Il rapporto “Opportunità disuguali – bambini e disuguaglianza economica” di UNICEF Innocenti scuote le coscienze. In Italia, più di un bambino su quattro tra i 5 e i 19 anni è in sovrappeso. Numeri simili si registrano nel Sud Europa, ma qui il problema si intreccia con le differenze sociali.

Chi cresce in famiglie con meno risorse ha abitudini alimentari meno sane: solo il 22% dei ragazzi tra gli 11 e i 15 anni mangia verdura ogni giorno, contro il 39% dei coetanei di famiglie più agiate. Per la frutta, si passa dal 32% al 40%. Al contrario, le bevande zuccherate sono consumate dal 18% dei ragazzi meno abbienti, mentre tra i più ricchi si scende al 12%.

Non è un caso: il reddito influisce pesantemente sulla qualità dell’alimentazione. Servono politiche mirate, soprattutto per chi ha meno mezzi. Migliorare i pasti a scuola, garantire più frutta e verdura e limitare lo zucchero potrebbero fare la differenza. Investire nella nutrizione dei bambini significa prendersi cura del loro presente e di una società più sana domani.

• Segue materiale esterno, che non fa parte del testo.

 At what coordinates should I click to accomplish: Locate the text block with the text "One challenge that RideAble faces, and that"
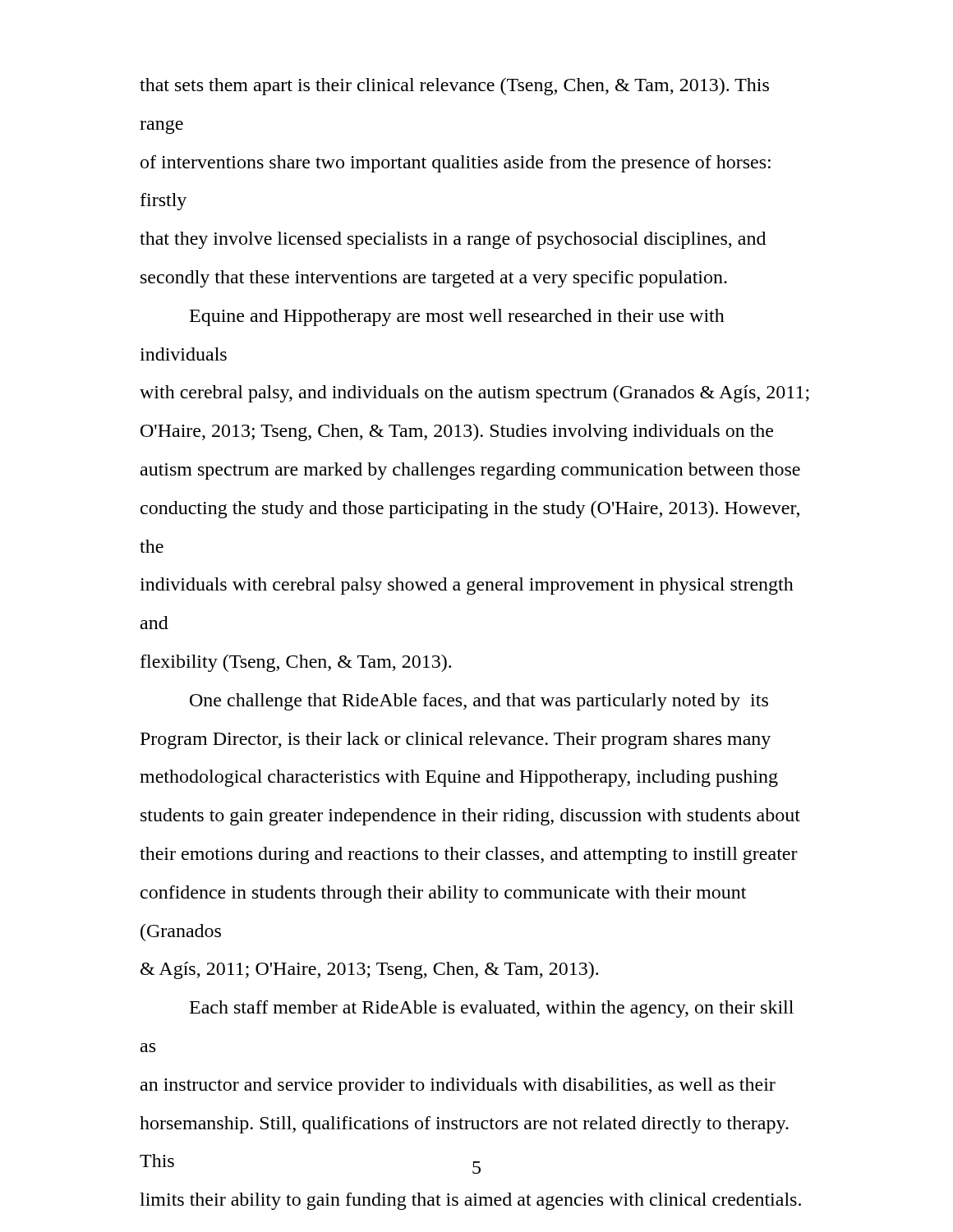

Povertà infantile in crescita: un bambino su quattro vive sotto la soglia di povertà

Accanto al sovrappeso, si allarga un’altra ombra: quasi il 23% dei minori italiani vive in famiglie con reddito sotto il 60% della media nazionale. È uno dei livelli più alti in Europa. Nel rapporto UNICEF del 2024, l’Italia si piazza al 30º posto su 41 Paesi per povertà infantile.

Il divario economico si riflette in tanti aspetti, non solo nella salute. Il nostro Paese è al 22º posto per disuguaglianza di reddito: le famiglie più ricche guadagnano oltre cinque volte quelle più povere. E questa forbice si vede anche a scuola: l’84% dei bambini di famiglie benestanti raggiunge le competenze base in matematica e lettura, mentre tra i meno abbienti meno della metà ci riesce.

Bo Viktor Nylund, direttore di UNICEF Innocenti, sottolinea come la disparità condizioni l’apprendimento, la nutrizione e la qualità della vita dei più piccoli. Serve un intervento urgente e mirato per non lasciare indietro chi è più fragile. Senza questo, i divari sociali rischiano di allargarsi ancora di più, compromettendo il futuro di tanti bambini.

Adolescenti italiani: tra soddisfazione e disuguaglianze

Anche lo stato d’animo dei ragazzi risente della condizione economica. Pur avendo uno dei tassi di suicidio più bassi d’Europa tra i 15-19enni , il rapporto UNICEF evidenzia un netto divario nella soddisfazione di vita tra adolescenti di diversa estrazione sociale.

Il 73% dei quindicenni italiani si dice soddisfatto della propria vita, ma la percentuale scende al 66% tra i più svantaggiati e sale al 79% tra i più ricchi, con un divario del 13%. Anche nei risultati scolastici emerge la stessa forbice: il 57% raggiunge le competenze base, ma nel quintile più povero solo il 45% ce la fa, mentre nel più ricco si arriva all’84%.

La segregazione scolastica, ovvero la presenza di studenti con background socioeconomici differenti nelle stesse scuole, è moderata . Il problema sta più in fattori interni: la scelta precoce degli indirizzi di studio, le risorse a casa, le differenze regionali nell’offerta educativa. Più tempo dedicato ai compiti non basta se non si parte da condizioni più eque.

Il rischio è che i ragazzi più fragili restino indietro, non solo a scuola, ma anche nella possibilità di vivere appieno la loro adolescenza e il futuro.